Floyd “Chuck” Benge was hired earlier this summer to be the principal at Pence Elementary School, assuming the position previously held by Chris Welch. This is Benge’s first year as a principal after serving as an assistant principal for one year at Aldo Leopold Middle School in Burlington.

Benge has spent most of his career as an elementary teacher in southeast Iowa, which is where he was born and raised. He grew up in Fort Madison and attended Western Illinois University in Macomb, Illinois. After obtaining his teaching degree, he taught various classes and grade levels in Burlington for 20 years.

Most of the time, Benge was assigned to teach early elementary grades. For a while, he taught under a program whereby kindergartners through second graders were placed in the same room. The idea was that the older kids could help the younger ones learn just as earlier generations had done in one-room schoolhouses.

He taught second grade and sixth grade reading classes at the beginning of his career, and then spent several years teaching first grade.

It’s fitting that Benge has spent so much of his career working in an elementary school, because that was where he realized he wanted to be a teacher. When he was in sixth grade, Benge mentored special education students in third and fourth grades. He said he has a nephew with special needs, so he was familiar with the problems special education students face and felt a calling to help them.

His desire to become a teacher was firmly cemented in high school, when he was able to do even more peer mentoring. During his freshman year, his first two classes of the day were study halls. Instead of twiddling his thumbs for a few hours, Benge volunteered at a first grade class, creating bulletin boards, listening to the students read and helping them with their crafts.

When Benge was a sophomore, he spent his study halls volunteering in a special education class. By the time he graduated from high school, he was convinced he wanted to be a teacher, and leaned in the direction of teaching special education since he had so much volunteering experience in that field.

His first taste of leading a classroom came during his semester of student teaching in Bushnell, Illinois, a town of about 3,000 people near Macomb. He hoped to find a job teaching in a similar small- to mid-sized town in the Midwest.

“I like to visit big cities, but I would never want to live in one,” he said.

Benge has been commuting to Fairfield from Burlington the past week, and hopes to find a house in town before too long.
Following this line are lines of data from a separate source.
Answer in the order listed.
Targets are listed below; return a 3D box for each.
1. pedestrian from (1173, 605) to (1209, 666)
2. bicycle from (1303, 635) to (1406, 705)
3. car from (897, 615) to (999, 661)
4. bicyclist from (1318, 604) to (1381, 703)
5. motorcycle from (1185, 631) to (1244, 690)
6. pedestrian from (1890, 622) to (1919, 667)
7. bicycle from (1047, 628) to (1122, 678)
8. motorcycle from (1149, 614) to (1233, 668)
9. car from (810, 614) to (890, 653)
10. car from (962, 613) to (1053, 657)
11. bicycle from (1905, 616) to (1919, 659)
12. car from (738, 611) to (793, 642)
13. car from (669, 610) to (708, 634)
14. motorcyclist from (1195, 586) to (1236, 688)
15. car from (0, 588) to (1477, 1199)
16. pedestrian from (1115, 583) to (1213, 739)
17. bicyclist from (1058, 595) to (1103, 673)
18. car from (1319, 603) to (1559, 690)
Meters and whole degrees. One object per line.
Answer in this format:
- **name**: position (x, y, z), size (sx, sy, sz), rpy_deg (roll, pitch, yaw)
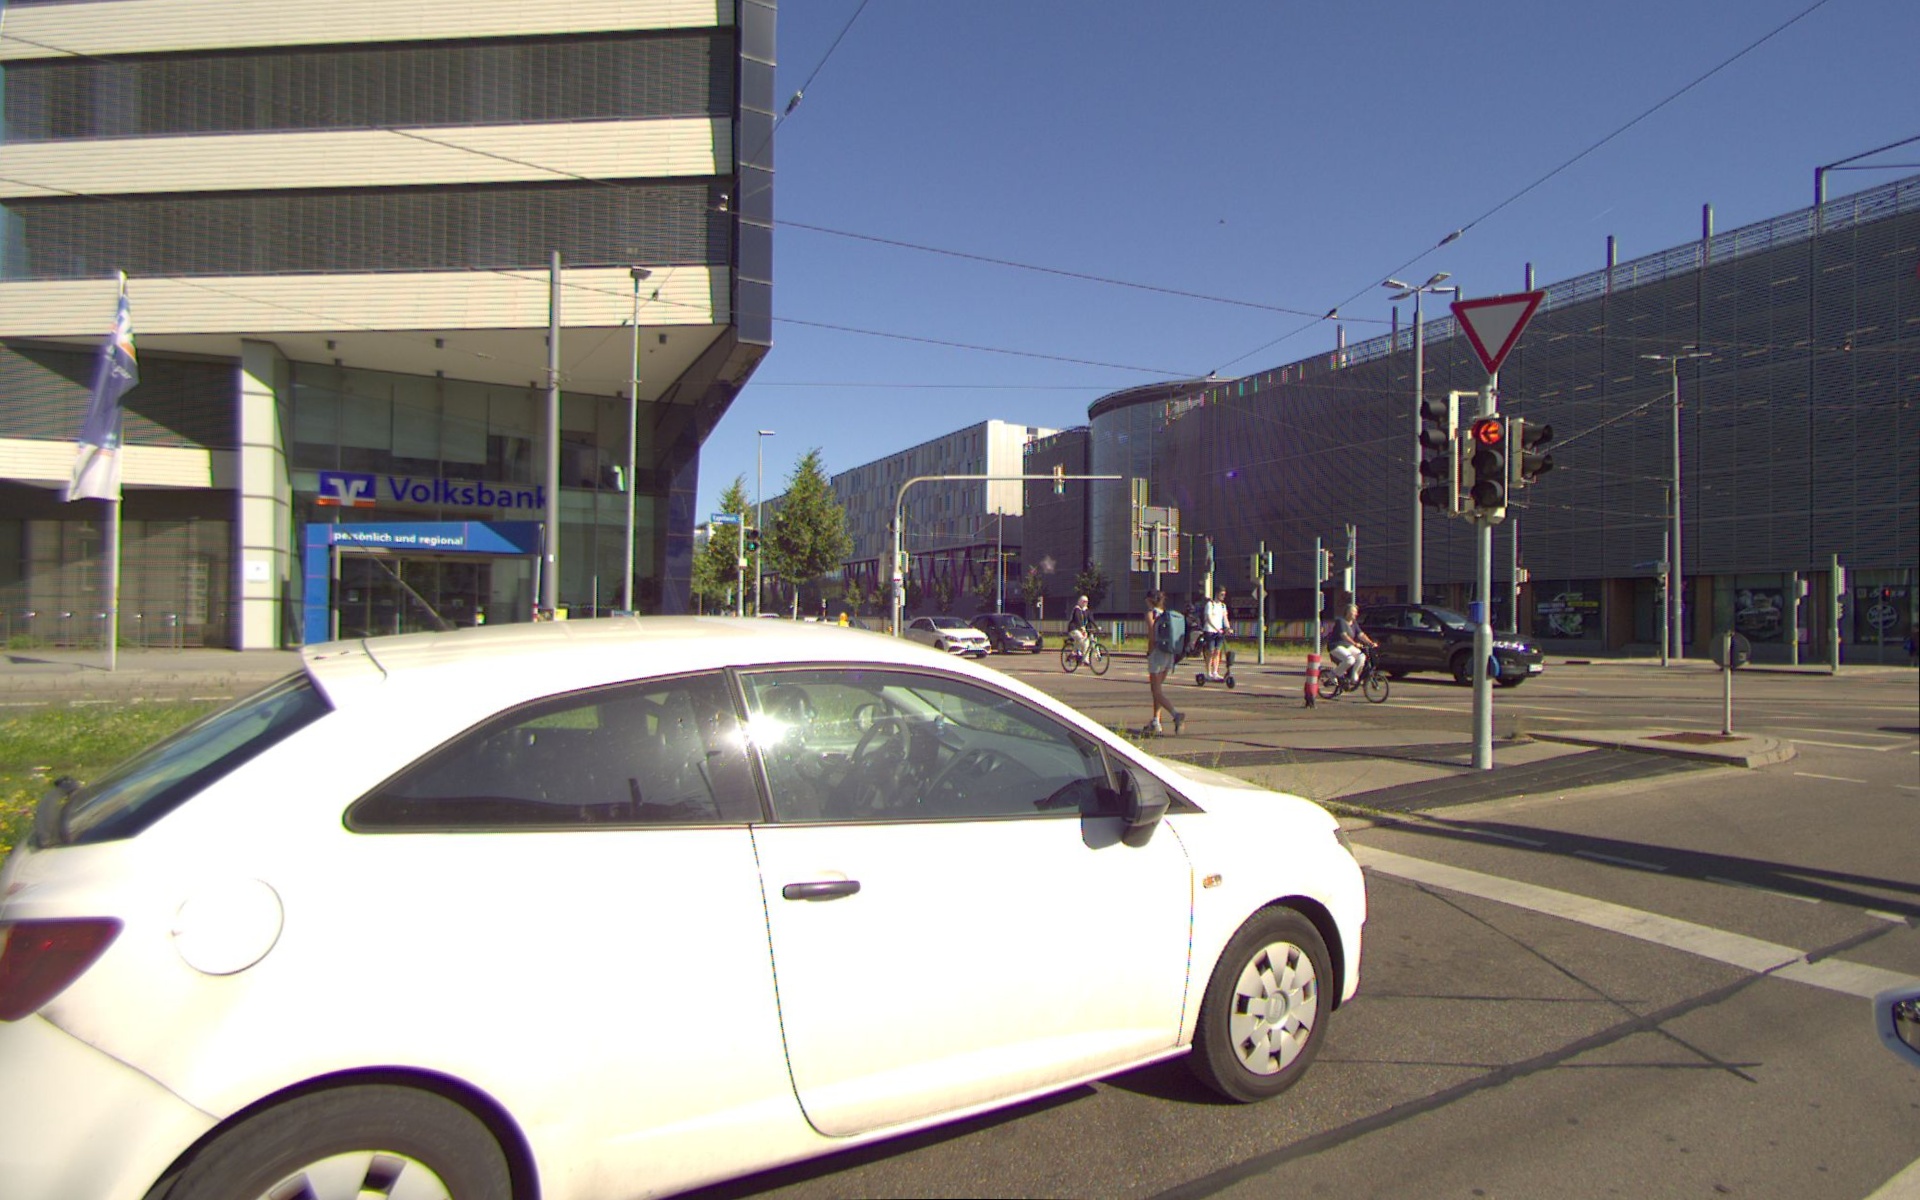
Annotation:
- **pedestrian**: position (6.626, 1.012, 28.837), size (0.657, 1.699, 0.740), rpy_deg (1, 0, -30)
- **bicycle**: position (6.860, 1.189, 17.524), size (0.726, 1.121, 1.568), rpy_deg (1, -1, -31)
- **car**: position (-0.479, 1.295, 34.923), size (1.889, 1.483, 4.060), rpy_deg (1, -1, -29)
- **bicyclist**: position (6.785, 0.915, 17.504), size (0.682, 1.670, 0.778), rpy_deg (1, -1, -32)
- **motorcycle**: position (5.162, 1.213, 20.409), size (0.477, 1.136, 1.181), rpy_deg (1, -1, -30)
- **pedestrian**: position (40.594, 1.915, 43.009), size (0.804, 1.893, 0.906), rpy_deg (0, -1, 13)
- **bicycle**: position (2.938, 1.229, 23.841), size (0.687, 1.050, 1.915), rpy_deg (1, 1, -32)
- **motorcycle**: position (6.599, 1.146, 28.869), size (0.904, 1.438, 2.430), rpy_deg (1, 0, -31)
- **car**: position (-4.878, 1.435, 43.951), size (1.976, 1.637, 4.256), rpy_deg (1, -1, -30)
- **car**: position (1.735, 1.300, 38.213), size (1.800, 1.545, 3.737), rpy_deg (1, -1, -28)
- **bicycle**: position (46.237, 1.768, 46.103), size (1.314, 2.040, 3.969), rpy_deg (1, 0, -29)
- **car**: position (-10.897, 1.476, 56.045), size (1.824, 1.673, 4.221), rpy_deg (1, -1, -28)
- **car**: position (-19.285, 1.536, 71.257), size (1.824, 1.673, 4.221), rpy_deg (1, -1, -28)
- **motorcyclist**: position (5.180, 0.748, 20.390), size (0.491, 2.040, 0.625), rpy_deg (1, -1, -30)
- **car**: position (-0.344, 0.760, 3.055), size (3.738, 1.442, 1.624), rpy_deg (1, 2, -30)
- **pedestrian**: position (2.358, 0.686, 11.673), size (0.704, 1.730, 0.881), rpy_deg (1, -1, -30)
- **bicyclist**: position (2.877, 0.807, 23.969), size (0.755, 1.812, 0.758), rpy_deg (1, -1, -33)
- **car**: position (10.562, 0.950, 22.501), size (1.819, 1.741, 4.608), rpy_deg (0, 0, -33)

Although he has never taught in Fairfield, he does have some experience working here. During the summers of his years teaching, he worked as a salesman for a commercial cleaning service that caused him to travel throughout the area, which included stops in Fairfield. He grew to like the city since it felt so similar to his hometown of Fort Madison.

He cannot believe the warm reception he’s received since he started his job Friday.

“I’m floored at how welcoming everyone is,” he said.

He mentioned that someone has been sending him copies of The Ledger since he started his job.

Benge has busied himself these first few days on the job creating schedules for his teaching staff and assigning students to classrooms. He sees his greatest strength as understanding what teachers need in a principal, since he’s accustomed to viewing the world through the eyes of an instructor. He said he would try to emulate the best principals from his life such as Linda Kendal in Denmark, Iowa, and, more recently, Joe Rector in Burlington.

The greatest challenge he faces will be learning the names of 300-some students before school starts on Sept. 2.

“I want to learn the interests of each student, because that’s important to building a relationship with them,” he said.

Benge had to do that exact thing when he went from being an elementary teacher to an assistant principal in Burlington. Knowing the elementary students was no help to him in his new position because the students who went to Aldo Leopold Middle School came from another building than where he taught before. Benge had to build relationships from scratch, just as he will do here.

He said the part of the job he’s most looking forward to is helping others to be better teachers.

“I want to be a leader in the school and inspire others to achieve their goals,” he said.